Paraguas abiertos o cerrados según la benevolencia de una lluvia que no acobardó a la multitud que caminó hasta el fondo del cementerio. Junto a la sepultura, en un respetuoso silencio, se escucharon las voces amigas, las coplas de muerte. El escritor Guillermo Ferrández habló de una vida «cargada de dignidade, solidariedade e xustiza social», la de un Pillado que había sido «un loitador incansábel» que deja una «vida de camiño, exemplo e espello no que mirarnos, marcando o camiño da liberdade».
El profesor José Torregrosa no pudo estar presente, pero mandó un poema de «alas desplegadas al viento» dedicado a «todos los rafaeles del mundo», a los que encomendó «corred la voz, que no se apague nunca». Karlotti, el poeta, leyó la hermosa elegía que le dedicó, constatando que «somos do aire libre, libres / e gustamos de soñar espertos / para que sigas vivo en cada berro de resistencia e riso que demos sen descanso». El poeta, ensayista y académico Xesús Alonso Montero tomó después la palabra para hablar de «un ser humano exemplar».
Y empezó justificando su intervención, como si hiciera falta hacerlo, consciente de ser depositario «dunha honra que non sei se volverei a ter no que me queda de vida»: «Moitos de vos aínda non nacérades cando eu xa coñecía a Rafael Pillado, cando eu xa sabía que Rafael estaba constituído pola madeira dos fortes, pola moral que teñen os que cren nas causas nobres», empezó diciendo, en un panegírico en el que nombró a Amor Deus y a Riobó junto a otros históricos, dejando constancia de que estábamos enterrando al último de una generación de imprescindibles.

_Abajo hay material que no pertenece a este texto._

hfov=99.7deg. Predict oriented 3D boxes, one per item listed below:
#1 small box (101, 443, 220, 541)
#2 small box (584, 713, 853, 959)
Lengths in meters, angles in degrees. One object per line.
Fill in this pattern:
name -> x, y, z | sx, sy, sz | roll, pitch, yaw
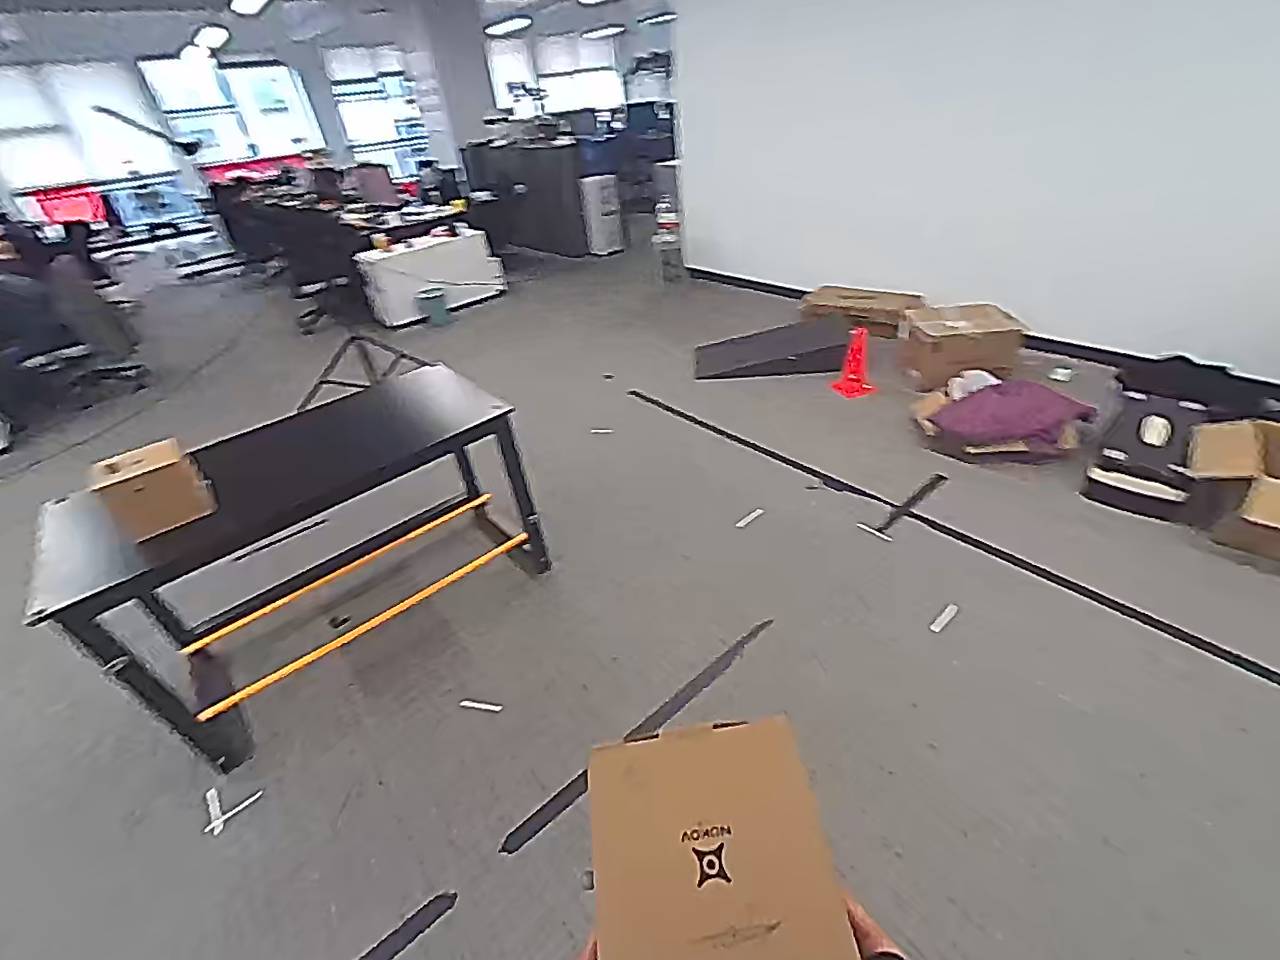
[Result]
small box -> -1.251, 0.032, 1.417 | 0.179, 0.176, 0.168 | -29, 41, -29
small box -> 0.049, 0.319, 0.439 | 0.168, 0.176, 0.179 | -9, 46, -3

Mencionó especialmente a Julio Aneiros, del que aprendieron todos ellos, diciendo que «cando alguén tivo de mestre a aquel home tan avanzado, de tanto criterio e de tanta humanidade, compréndese que os discípulos foran tan grandes». Se quejó Alonso Montero, no obstante, de que en Catabois no fuéramos «100.000 persoas», como en los entierros de Pablo Iglesias Posse o Rosa Luxemburgo, equiparando a Pillado con aquellas personalidades fundamentales en la lucha internacional por los derechos laborales y sociales, y concluyendo que «somos soldados derrotados dunha causa invencible».
El último en aferrarse al micrófono fue Raúl Pillado, el hermano de Rafael al que éste encargó que dijera unas palabras en su entierro. Una encomienda difícil, dura, que cualquiera desearía desechar, pero a ver quién era capaz de decirle que no a aquel hombre perseverante hasta el extremo. Compartió un poema dedicado también a todas las víctimas del amianto y firmó la intervención más emocionante de la mañana, con la que pocos pudieron contener unas lágrimas que llevaban tiempo agarradas en las gargantas.
«Al fin te han matado, Rafael. No pudieron con las balas, no pudieron con la cárcel, pero utilizaron el arma del amianto», lamentó Raúl, recordando en sus versos que su hermano «adquirió un compromiso con todos los de su clase» y recorrió «el barrio del Pilar para reclamar derechos y conquistar libertades», recordando aquel 10 de marzo que lo llevó a prisión durante 4 años. «Hoy, ante tu sepultura, queremos darte las gracias», concluyó, para abrazar a continuación a su cuñada, que mitigaba el dolor apoyada en sus dos hijas. Sonó después la música mientras llegaban las flores y florecían los besos y los pésames.
Y pareciera que en ese momento, como ocurrió el 9 de marzo del 72 en la histórica asamblea del dique, se iba a escuchar un grito desde lejos, pidiendo la palabra para recordar que nada de lo hecho ha sido en vano. Que las vidas como la suya son semillas en una tierra que se debe cultivar, y que en esas ahora debiéramos estar los que nos quedamos aunque las luchas sean otras, al menos en apariencia, a este y al otro lado del muro. Rafael Pillado ya está en Catabois, pero también está un poco en todos los que escuchamos su voz algún día.